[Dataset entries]

::::::

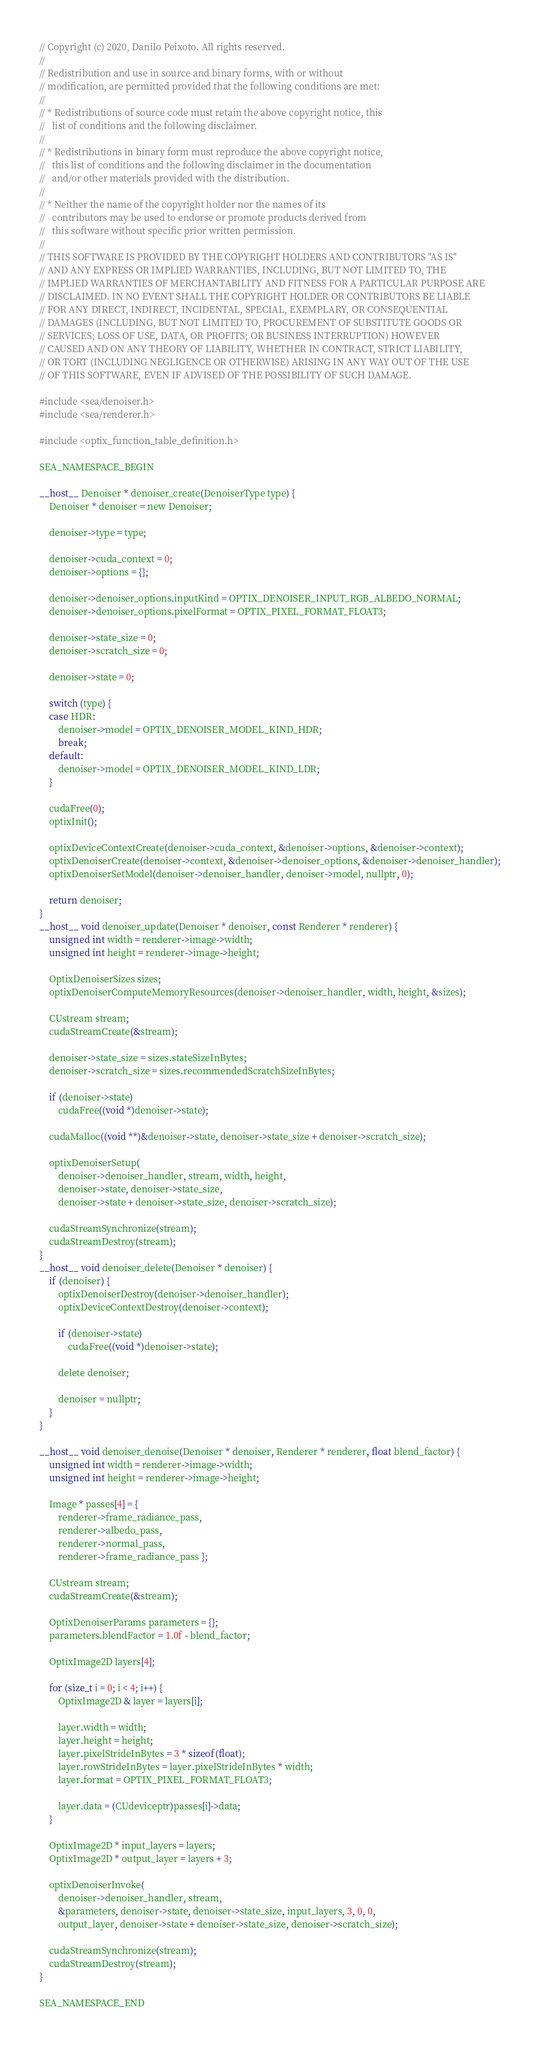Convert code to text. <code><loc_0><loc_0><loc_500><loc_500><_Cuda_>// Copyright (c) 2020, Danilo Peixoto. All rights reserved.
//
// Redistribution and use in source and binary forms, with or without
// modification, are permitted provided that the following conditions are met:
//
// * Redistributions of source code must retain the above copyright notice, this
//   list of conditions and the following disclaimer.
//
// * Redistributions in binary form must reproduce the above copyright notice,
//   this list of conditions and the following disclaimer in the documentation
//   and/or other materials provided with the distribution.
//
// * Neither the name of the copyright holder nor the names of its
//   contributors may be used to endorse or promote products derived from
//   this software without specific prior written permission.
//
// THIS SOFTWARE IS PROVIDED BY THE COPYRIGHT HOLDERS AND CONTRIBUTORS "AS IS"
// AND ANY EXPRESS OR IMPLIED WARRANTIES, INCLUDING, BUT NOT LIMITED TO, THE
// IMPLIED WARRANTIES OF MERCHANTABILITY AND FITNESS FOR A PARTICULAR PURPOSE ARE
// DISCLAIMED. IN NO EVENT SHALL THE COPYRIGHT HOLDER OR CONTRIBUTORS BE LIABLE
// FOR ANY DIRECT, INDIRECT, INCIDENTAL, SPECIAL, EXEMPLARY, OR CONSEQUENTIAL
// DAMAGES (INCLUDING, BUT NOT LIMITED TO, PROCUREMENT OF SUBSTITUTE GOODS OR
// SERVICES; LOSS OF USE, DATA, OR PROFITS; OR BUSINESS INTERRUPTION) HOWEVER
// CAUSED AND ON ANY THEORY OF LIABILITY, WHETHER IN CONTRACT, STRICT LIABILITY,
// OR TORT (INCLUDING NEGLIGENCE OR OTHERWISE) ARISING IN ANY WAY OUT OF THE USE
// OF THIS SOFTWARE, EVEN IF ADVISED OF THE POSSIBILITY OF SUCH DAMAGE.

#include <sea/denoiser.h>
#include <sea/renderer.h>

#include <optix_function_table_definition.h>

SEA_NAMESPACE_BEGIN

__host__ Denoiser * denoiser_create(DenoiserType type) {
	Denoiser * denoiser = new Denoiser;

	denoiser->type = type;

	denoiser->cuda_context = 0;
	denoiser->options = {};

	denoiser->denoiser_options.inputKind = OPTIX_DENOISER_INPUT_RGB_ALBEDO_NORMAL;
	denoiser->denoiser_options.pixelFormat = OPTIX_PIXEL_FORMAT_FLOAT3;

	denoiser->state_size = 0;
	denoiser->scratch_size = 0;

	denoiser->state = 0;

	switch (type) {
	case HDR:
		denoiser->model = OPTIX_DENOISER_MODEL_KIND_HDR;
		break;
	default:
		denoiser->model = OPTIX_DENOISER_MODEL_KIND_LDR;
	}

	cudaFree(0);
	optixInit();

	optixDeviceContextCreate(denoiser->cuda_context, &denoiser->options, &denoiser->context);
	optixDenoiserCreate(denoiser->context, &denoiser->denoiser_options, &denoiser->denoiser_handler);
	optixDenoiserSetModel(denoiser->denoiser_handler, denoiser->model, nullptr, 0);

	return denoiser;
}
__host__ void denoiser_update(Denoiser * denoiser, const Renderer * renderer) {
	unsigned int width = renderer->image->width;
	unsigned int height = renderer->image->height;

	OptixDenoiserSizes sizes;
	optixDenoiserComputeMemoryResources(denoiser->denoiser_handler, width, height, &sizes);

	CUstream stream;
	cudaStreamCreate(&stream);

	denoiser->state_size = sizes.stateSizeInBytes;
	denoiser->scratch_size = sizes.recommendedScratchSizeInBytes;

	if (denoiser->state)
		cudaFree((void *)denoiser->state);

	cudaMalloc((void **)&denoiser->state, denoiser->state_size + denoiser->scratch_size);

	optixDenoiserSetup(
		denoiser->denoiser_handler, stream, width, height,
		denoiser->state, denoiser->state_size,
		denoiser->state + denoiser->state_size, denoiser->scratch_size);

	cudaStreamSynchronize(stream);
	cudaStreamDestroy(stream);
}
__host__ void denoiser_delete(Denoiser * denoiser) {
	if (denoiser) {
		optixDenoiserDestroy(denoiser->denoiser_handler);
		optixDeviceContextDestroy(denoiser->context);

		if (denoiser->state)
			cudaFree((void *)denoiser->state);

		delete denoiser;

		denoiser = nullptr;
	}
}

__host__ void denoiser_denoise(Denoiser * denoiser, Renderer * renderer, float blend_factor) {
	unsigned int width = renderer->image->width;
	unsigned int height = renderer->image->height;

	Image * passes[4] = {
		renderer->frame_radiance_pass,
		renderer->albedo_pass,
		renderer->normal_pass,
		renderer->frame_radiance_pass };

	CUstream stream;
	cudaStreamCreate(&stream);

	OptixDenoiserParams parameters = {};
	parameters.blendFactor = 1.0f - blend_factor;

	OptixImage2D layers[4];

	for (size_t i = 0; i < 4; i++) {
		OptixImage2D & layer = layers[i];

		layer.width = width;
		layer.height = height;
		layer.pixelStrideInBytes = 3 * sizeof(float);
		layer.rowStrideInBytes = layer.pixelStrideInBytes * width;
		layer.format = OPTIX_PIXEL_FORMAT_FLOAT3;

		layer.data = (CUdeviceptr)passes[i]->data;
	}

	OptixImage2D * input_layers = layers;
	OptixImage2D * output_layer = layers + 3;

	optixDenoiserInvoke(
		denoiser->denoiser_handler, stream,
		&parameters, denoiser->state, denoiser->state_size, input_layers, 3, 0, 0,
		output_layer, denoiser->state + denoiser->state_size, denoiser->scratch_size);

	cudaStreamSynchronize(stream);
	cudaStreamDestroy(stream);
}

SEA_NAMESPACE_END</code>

::::::

> _AIM OF THE EXERCISE_: Go through the records. Copy each line where "binary" appears.

> _WRITTEN RESPONSE_:
// Redistribution and use in source and binary forms, with or without
// * Redistributions in binary form must reproduce the above copyright notice,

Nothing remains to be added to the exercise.